Clutch hitting is a myth. Tony Gwynn was a clutch hitter. Long live clutch hitting.
That's the article, in three short sentences, so consider everything that follows a part of the footnotes. It's probably best to revisit that first sentence and set some ground rules. I don't know how many people actually believe that clutch hitting is an indisputable myth these days, actually. If you believe that a human being's physical abilities and mental capabilities can be different under varying circumstances, then you at least allow for the possibility of clutch hitting.
What's a myth is the ability to tell the clutch hitters from the regular hitters. Your ability to open up a guy's head and discern that he's better when the pressure is turned up. My ability to tell statistical proof from statistical noise. None of us can do it. We're all just guessing, and most of the time we're using ex post facto reasoning to convince ourselves of something we already believed about a player. Clutch hitting might not be a myth, but that doesn't mean we should pretend to know who is a clutch hitter and who wasn't.
Tony Gwynn was a clutch hitter.
It's the Gwynn Paradox, the Gwynn Exception. When people sat down to write the most strident of anti-clutch sabermetric screeds, Tony Gwynn would pop up on the screen like Clippy.
"It looks like you're writing about clutch hitting. Can I explain it to you?"
The angry stathead would close it out and keep writing. Gwynn would pop up again.
"It looks like you're writing about clutch hitting being a myth. Would you like me to prove you wrong?"
Hey, not now, Tony Gwynn, I'm writing a sabermetric screed.
When that screed was published, if there wasn't an explicit "but Tony Gwynn" mention, there was an implied one hanging over the entire article. The basic stats, compiled over a 20-year-career, might be enough to convince the cynic. Gwynn hit .338 for his career; he hit .349 with runners in scoring position. If you're thinking that .11 isn't much of a difference, don't forget that we're talking about batting average. The reason Gwynn is in the Hall of Fame and Mark Grace isn't has to do with about three or four extra hits for every 100 at-bats, 30 or 40 for every 1,000 at-bats. Batting average operates on a scale that should be too hard to see, but it's somehow completely obvious, even to the folks watching every third game. So, yes, the extra hit in every 100 at-bats is significant.

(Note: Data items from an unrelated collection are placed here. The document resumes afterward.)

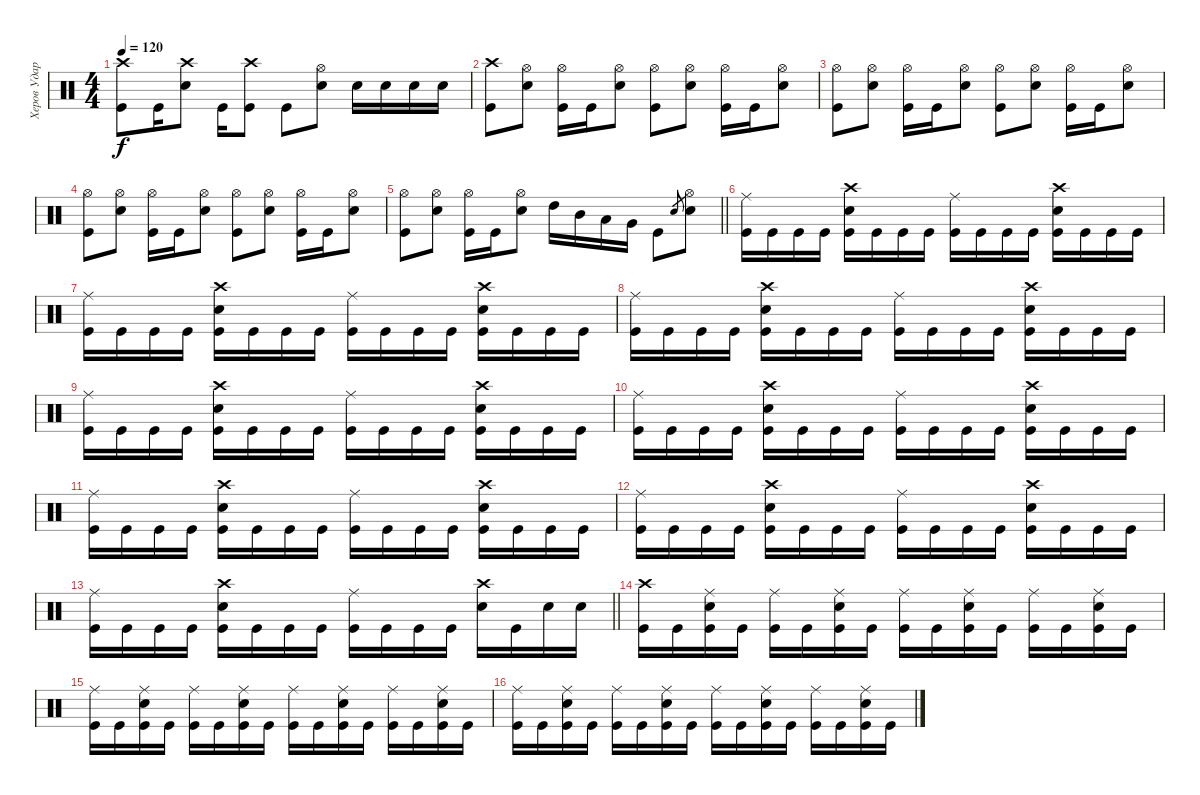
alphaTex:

\track ("Херов Ударник" "Херов Удар") {instrument percussion}
\staff {score}
\articulation defaults
\ts (4 4)
\tempo 120
\clef neutral
\ks c
("Crash high (hit)" "Kick (hit)").8{dy f} "Kick (hit)".16 ("Crash high (hit)" "Electric Snare (hit)").8 "Kick (hit)".16 ("Crash high (hit)" "Kick (hit)").8 "Kick (hit)".8 ("Hi-Hat (open)" "Electric Snare (hit)").8 "Electric Snare (hit)".16 "Electric Snare (hit)".16 "Electric Snare (hit)".16 "Electric Snare (hit)".16 |
("Crash high (hit)" "Kick (hit)").8 ("Hi-Hat (open)" "Electric Snare (hit)").8 ("Hi-Hat (open)" "Kick (hit)").16 "Kick (hit)".16 ("Hi-Hat (open)" "Electric Snare (hit)").8 ("Hi-Hat (open)" "Kick (hit)").8 ("Hi-Hat (open)" "Electric Snare (hit)").8 ("Hi-Hat (open)" "Kick (hit)").16 "Kick (hit)".16 ("Hi-Hat (open)" "Electric Snare (hit)").8 |
("Hi-Hat (open)" "Kick (hit)").8 ("Hi-Hat (open)" "Electric Snare (hit)").8 ("Hi-Hat (open)" "Kick (hit)").16 "Kick (hit)".16 ("Hi-Hat (open)" "Electric Snare (hit)").8 ("Hi-Hat (open)" "Kick (hit)").8 ("Hi-Hat (open)" "Electric Snare (hit)").8 ("Hi-Hat (open)" "Kick (hit)").16 "Kick (hit)".16 ("Hi-Hat (open)" "Electric Snare (hit)").8 |
("Hi-Hat (open)" "Kick (hit)").8 ("Hi-Hat (open)" "Electric Snare (hit)").8 ("Hi-Hat (open)" "Kick (hit)").16 "Kick (hit)".16 ("Hi-Hat (open)" "Electric Snare (hit)").8 ("Hi-Hat (open)" "Kick (hit)").8 ("Hi-Hat (open)" "Electric Snare (hit)").8 ("Hi-Hat (open)" "Kick (hit)").16 "Kick (hit)".16 ("Hi-Hat (open)" "Electric Snare (hit)").8 |
\barLineRight lightlight
("Hi-Hat (open)" "Kick (hit)").8 ("Hi-Hat (open)" "Electric Snare (hit)").8 ("Hi-Hat (open)" "Kick (hit)").16 "Kick (hit)".16 ("Hi-Hat (open)" "Electric Snare (hit)").8 "High Tom (hit)".16 "Mid Tom (hit)".16 "Low Tom (hit)".16 "Very Low Tom (hit)".16 "Kick (hit)".8 "Electric Snare (hit)".8{gr} ("Hi-Hat (open)" "Electric Snare (hit)").8 |
\section ("" "")
("Ride (middle)" "Kick (hit)").16 "Kick (hit)".16 "Kick (hit)".16 "Kick (hit)".16 ("Crash high (hit)" "Electric Snare (hit)" "Kick (hit)").16 "Kick (hit)".16 "Kick (hit)".16 "Kick (hit)".16 ("Ride (middle)" "Kick (hit)").16 "Kick (hit)".16 "Kick (hit)".16 "Kick (hit)".16 ("Crash high (hit)" "Electric Snare (hit)" "Kick (hit)").16 "Kick (hit)".16 "Kick (hit)".16 "Kick (hit)".16 |
("Ride (middle)" "Kick (hit)").16 "Kick (hit)".16 "Kick (hit)".16 "Kick (hit)".16 ("Crash high (hit)" "Electric Snare (hit)" "Kick (hit)").16 "Kick (hit)".16 "Kick (hit)".16 "Kick (hit)".16 ("Ride (middle)" "Kick (hit)").16 "Kick (hit)".16 "Kick (hit)".16 "Kick (hit)".16 ("Crash high (hit)" "Electric Snare (hit)" "Kick (hit)").16 "Kick (hit)".16 "Kick (hit)".16 "Kick (hit)".16 |
("Ride (middle)" "Kick (hit)").16 "Kick (hit)".16 "Kick (hit)".16 "Kick (hit)".16 ("Crash high (hit)" "Electric Snare (hit)" "Kick (hit)").16 "Kick (hit)".16 "Kick (hit)".16 "Kick (hit)".16 ("Ride (middle)" "Kick (hit)").16 "Kick (hit)".16 "Kick (hit)".16 "Kick (hit)".16 ("Crash high (hit)" "Electric Snare (hit)" "Kick (hit)").16 "Kick (hit)".16 "Kick (hit)".16 "Kick (hit)".16 |
("Ride (middle)" "Kick (hit)").16 "Kick (hit)".16 "Kick (hit)".16 "Kick (hit)".16 ("Crash high (hit)" "Electric Snare (hit)" "Kick (hit)").16 "Kick (hit)".16 "Kick (hit)".16 "Kick (hit)".16 ("Ride (middle)" "Kick (hit)").16 "Kick (hit)".16 "Kick (hit)".16 "Kick (hit)".16 ("Crash high (hit)" "Electric Snare (hit)" "Kick (hit)").16 "Kick (hit)".16 "Kick (hit)".16 "Kick (hit)".16 |
("Ride (middle)" "Kick (hit)").16 "Kick (hit)".16 "Kick (hit)".16 "Kick (hit)".16 ("Crash high (hit)" "Electric Snare (hit)" "Kick (hit)").16 "Kick (hit)".16 "Kick (hit)".16 "Kick (hit)".16 ("Ride (middle)" "Kick (hit)").16 "Kick (hit)".16 "Kick (hit)".16 "Kick (hit)".16 ("Crash high (hit)" "Electric Snare (hit)" "Kick (hit)").16 "Kick (hit)".16 "Kick (hit)".16 "Kick (hit)".16 |
("Ride (middle)" "Kick (hit)").16 "Kick (hit)".16 "Kick (hit)".16 "Kick (hit)".16 ("Crash high (hit)" "Electric Snare (hit)" "Kick (hit)").16 "Kick (hit)".16 "Kick (hit)".16 "Kick (hit)".16 ("Ride (middle)" "Kick (hit)").16 "Kick (hit)".16 "Kick (hit)".16 "Kick (hit)".16 ("Crash high (hit)" "Electric Snare (hit)" "Kick (hit)").16 "Kick (hit)".16 "Kick (hit)".16 "Kick (hit)".16 |
("Ride (middle)" "Kick (hit)").16 "Kick (hit)".16 "Kick (hit)".16 "Kick (hit)".16 ("Crash high (hit)" "Electric Snare (hit)" "Kick (hit)").16 "Kick (hit)".16 "Kick (hit)".16 "Kick (hit)".16 ("Ride (middle)" "Kick (hit)").16 "Kick (hit)".16 "Kick (hit)".16 "Kick (hit)".16 ("Crash high (hit)" "Electric Snare (hit)" "Kick (hit)").16 "Kick (hit)".16 "Kick (hit)".16 "Kick (hit)".16 |
\barLineRight lightlight
("Ride (middle)" "Kick (hit)").16 "Kick (hit)".16 "Kick (hit)".16 "Kick (hit)".16 ("Crash high (hit)" "Electric Snare (hit)" "Kick (hit)").16 "Kick (hit)".16 "Kick (hit)".16 "Kick (hit)".16 ("Ride (middle)" "Kick (hit)").16 "Kick (hit)".16 "Kick (hit)".16 "Kick (hit)".16 ("Crash high (hit)" "Electric Snare (hit)").16 "Kick (hit)".16 "Electric Snare (hit)".16 "Electric Snare (hit)".16 |
("Crash high (hit)" "Kick (hit)").16 "Kick (hit)".16 ("Ride (middle)" "Electric Snare (hit)" "Kick (hit)").16 "Kick (hit)".16 ("Ride (middle)" "Kick (hit)").16 "Kick (hit)".16 ("Ride (middle)" "Electric Snare (hit)" "Kick (hit)").16 "Kick (hit)".16 ("Ride (middle)" "Kick (hit)").16 "Kick (hit)".16 ("Ride (middle)" "Electric Snare (hit)" "Kick (hit)").16 "Kick (hit)".16 ("Ride (middle)" "Kick (hit)").16 "Kick (hit)".16 ("Ride (middle)" "Electric Snare (hit)" "Kick (hit)").16 "Kick (hit)".16 |
("Ride (middle)" "Kick (hit)").16 "Kick (hit)".16 ("Ride (middle)" "Electric Snare (hit)" "Kick (hit)").16 "Kick (hit)".16 ("Ride (middle)" "Kick (hit)").16 "Kick (hit)".16 ("Ride (middle)" "Electric Snare (hit)" "Kick (hit)").16 "Kick (hit)".16 ("Ride (middle)" "Kick (hit)").16 "Kick (hit)".16 ("Ride (middle)" "Electric Snare (hit)" "Kick (hit)").16 "Kick (hit)".16 ("Ride (middle)" "Kick (hit)").16 "Kick (hit)".16 ("Ride (middle)" "Electric Snare (hit)" "Kick (hit)").16 "Kick (hit)".16 |
("Ride (middle)" "Kick (hit)").16 "Kick (hit)".16 ("Ride (middle)" "Electric Snare (hit)" "Kick (hit)").16 "Kick (hit)".16 ("Ride (middle)" "Kick (hit)").16 "Kick (hit)".16 ("Ride (middle)" "Electric Snare (hit)" "Kick (hit)").16 "Kick (hit)".16 ("Ride (middle)" "Kick (hit)").16 "Kick (hit)".16 ("Ride (middle)" "Electric Snare (hit)" "Kick (hit)").16 "Kick (hit)".16 ("Ride (middle)" "Kick (hit)").16 "Kick (hit)".16 ("Ride (middle)" "Electric Snare (hit)" "Kick (hit)").16 "Kick (hit)".16

It could still be a statistical fluke, sure. I'll allow that. But down the line, with every possible split, Gwynn graded out as one of baseball's best hitters in the clutch. He was a .328/.370/.443 hitter with the bases empty and a .352/.411/.480 hitter with runners on base. He was a .444/.433/.594 hitter with the bases loaded over his career -- the OBP coming in lower than the average because of 15 sacrifice flies. Gwynn had 566 plate appearances with runners on third and fewer than two outs, almost a full season's worth. He hit .428/.441/.606, striking out just 28 times.
With two outs and runners in scoring position, Gwynn's average fell a couple points -- but that's because pitchers were scared of him. His career OBP with two outs and RISP was .446, and he accumulated more than a fifth of his career walks in those situations.
Gwynn hit .319/.360/.437 in the first three innings of the game, then .352/.399/.474 in innings 4-6, and .345/.407/.466, preying on tiring starters and jittery relievers alike. Really, just visit his splits page and pick out the clutch nuggets. It's a carnival. Gwynn was the most annoying hitter on the planet, even as no one was ever annoyed enough to dislike him.
There's probably more science to this than people usually like to attribute to clutch hitting. The idea of the clutch hitter to the common baseball fan is one of furrowed brows and narrowed focus, measured breathing and still hands. The reality is that Gwynn probably picked up on how pitchers could become predictable in tight situations, or that the difference between a pitcher from the stretch and out of the windup was just enough to give an added advantage to a wizard like Gwynn. Possibly a combination of the two. Probably a combination of the two.
Gwynn passed far, far too soon, especially considering he was still passing his gift along as a coach and as one of the more interesting player-turned-broadcasters in recent history. The best way for a lot of us to remember him is to look at what he did as a hitter, and shake our heads, laughing. How did he do that?
No idea. But while I'll never feel confident enough to call anyone else a clutch hitter again, it's not remotely controversial to do it right now, one last time. Tony Gwynn was one of the greatest hitters ever. Somehow, he was even better when runners were on base, when runners were in scoring position, in the late innings, and in close-and-late situations. We won't see it again, but danged if we weren't lucky to see it while it was going on.